*** Opening of Given information ***
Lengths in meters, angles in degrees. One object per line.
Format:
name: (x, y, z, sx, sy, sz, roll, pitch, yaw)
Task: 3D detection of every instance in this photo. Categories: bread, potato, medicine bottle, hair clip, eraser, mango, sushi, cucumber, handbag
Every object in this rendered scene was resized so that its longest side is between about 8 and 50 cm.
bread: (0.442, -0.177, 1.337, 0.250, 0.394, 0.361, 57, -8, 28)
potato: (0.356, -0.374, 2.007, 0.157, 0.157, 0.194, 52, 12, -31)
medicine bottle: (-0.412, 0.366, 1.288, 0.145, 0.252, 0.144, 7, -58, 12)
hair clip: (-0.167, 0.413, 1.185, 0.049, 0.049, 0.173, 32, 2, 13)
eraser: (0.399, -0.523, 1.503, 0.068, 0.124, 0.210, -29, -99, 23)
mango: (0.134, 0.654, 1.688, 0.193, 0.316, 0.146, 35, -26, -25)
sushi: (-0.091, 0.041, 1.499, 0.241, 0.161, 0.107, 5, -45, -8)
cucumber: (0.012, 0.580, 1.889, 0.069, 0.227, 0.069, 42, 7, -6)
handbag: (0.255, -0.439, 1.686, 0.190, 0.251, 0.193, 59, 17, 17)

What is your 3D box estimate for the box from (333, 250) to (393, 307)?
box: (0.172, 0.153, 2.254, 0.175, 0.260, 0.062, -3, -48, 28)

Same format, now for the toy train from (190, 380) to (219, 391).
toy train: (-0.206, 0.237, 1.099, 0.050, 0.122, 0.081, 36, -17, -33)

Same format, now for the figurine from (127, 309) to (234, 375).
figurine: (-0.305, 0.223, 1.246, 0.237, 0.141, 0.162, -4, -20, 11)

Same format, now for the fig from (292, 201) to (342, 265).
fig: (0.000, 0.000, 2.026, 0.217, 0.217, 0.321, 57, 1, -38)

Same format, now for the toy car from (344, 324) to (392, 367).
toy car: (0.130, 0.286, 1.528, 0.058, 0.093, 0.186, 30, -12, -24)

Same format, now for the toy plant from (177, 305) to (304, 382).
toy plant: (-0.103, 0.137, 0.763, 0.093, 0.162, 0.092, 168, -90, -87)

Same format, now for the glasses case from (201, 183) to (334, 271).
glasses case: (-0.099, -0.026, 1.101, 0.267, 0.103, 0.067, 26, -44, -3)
*** Close of Given information ***
*** Opening of Given information ***
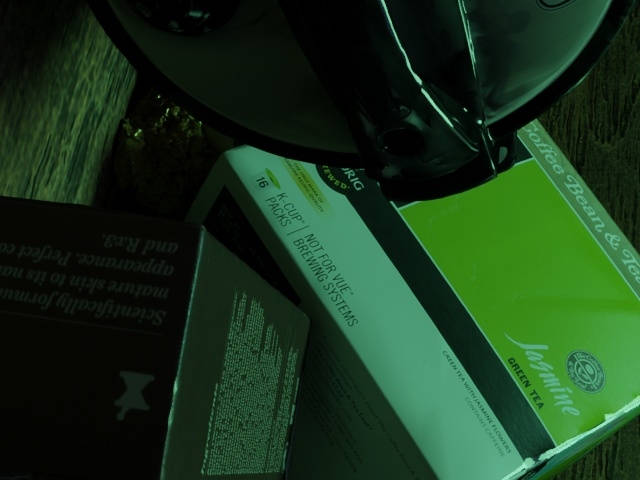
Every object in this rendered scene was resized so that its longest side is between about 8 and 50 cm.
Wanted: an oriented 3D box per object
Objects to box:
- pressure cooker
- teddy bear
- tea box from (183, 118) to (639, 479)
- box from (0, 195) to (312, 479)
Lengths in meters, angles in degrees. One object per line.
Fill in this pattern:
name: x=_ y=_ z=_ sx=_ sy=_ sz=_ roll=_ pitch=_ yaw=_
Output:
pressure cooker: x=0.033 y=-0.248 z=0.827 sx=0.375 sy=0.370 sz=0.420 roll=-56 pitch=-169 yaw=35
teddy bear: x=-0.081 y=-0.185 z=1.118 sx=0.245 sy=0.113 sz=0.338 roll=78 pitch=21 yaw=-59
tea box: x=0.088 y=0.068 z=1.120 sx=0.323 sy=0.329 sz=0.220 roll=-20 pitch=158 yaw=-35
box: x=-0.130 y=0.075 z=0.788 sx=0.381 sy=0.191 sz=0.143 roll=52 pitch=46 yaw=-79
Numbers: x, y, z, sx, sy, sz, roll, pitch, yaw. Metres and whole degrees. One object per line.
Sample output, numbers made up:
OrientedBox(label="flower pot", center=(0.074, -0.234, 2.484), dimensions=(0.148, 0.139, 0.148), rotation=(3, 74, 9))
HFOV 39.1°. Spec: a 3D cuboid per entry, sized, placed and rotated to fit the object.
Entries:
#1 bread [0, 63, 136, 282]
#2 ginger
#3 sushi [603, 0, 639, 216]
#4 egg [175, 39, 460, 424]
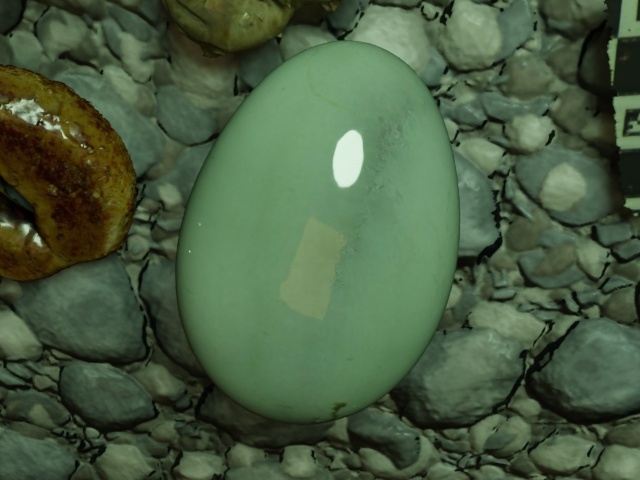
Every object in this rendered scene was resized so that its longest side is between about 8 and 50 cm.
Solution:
*** Close of Given information ***
*** Opening of Given information ***
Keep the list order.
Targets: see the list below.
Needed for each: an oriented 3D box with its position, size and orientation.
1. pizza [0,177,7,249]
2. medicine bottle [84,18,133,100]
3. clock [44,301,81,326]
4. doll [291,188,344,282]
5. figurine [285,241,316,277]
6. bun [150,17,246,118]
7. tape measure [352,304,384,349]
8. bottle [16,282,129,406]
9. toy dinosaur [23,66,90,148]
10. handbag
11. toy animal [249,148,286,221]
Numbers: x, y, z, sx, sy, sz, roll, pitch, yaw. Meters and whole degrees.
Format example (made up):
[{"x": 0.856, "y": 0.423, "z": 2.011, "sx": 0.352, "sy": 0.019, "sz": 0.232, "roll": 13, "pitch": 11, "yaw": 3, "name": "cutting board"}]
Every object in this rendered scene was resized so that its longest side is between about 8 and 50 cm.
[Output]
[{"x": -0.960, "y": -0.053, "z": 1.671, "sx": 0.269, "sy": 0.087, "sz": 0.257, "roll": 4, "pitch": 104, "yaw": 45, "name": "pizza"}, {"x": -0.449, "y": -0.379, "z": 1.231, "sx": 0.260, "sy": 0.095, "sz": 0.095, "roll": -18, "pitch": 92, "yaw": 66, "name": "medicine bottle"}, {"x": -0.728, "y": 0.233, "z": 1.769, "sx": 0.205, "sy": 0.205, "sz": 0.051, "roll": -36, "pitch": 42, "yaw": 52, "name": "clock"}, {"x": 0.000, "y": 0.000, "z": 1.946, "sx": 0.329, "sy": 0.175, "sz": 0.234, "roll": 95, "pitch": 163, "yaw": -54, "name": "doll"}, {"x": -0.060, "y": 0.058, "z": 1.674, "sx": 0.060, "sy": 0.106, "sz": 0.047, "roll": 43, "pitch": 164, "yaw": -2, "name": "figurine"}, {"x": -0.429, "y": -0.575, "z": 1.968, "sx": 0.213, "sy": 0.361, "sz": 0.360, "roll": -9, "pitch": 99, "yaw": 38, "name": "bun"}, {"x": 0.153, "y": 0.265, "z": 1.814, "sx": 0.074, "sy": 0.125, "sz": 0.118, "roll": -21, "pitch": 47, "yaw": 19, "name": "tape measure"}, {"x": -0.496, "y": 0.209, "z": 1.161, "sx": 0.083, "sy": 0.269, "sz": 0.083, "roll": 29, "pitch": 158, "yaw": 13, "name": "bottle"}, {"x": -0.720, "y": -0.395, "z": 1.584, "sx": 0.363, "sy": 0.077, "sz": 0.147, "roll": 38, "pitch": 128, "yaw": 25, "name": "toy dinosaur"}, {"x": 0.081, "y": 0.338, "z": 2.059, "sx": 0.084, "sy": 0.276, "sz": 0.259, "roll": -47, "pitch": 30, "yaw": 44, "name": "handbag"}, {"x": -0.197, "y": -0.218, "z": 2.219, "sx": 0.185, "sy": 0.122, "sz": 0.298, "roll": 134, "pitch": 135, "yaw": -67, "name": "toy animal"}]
*** Close of Given information ***
One number only, please: the count of lines in the data that hold the word "list".

2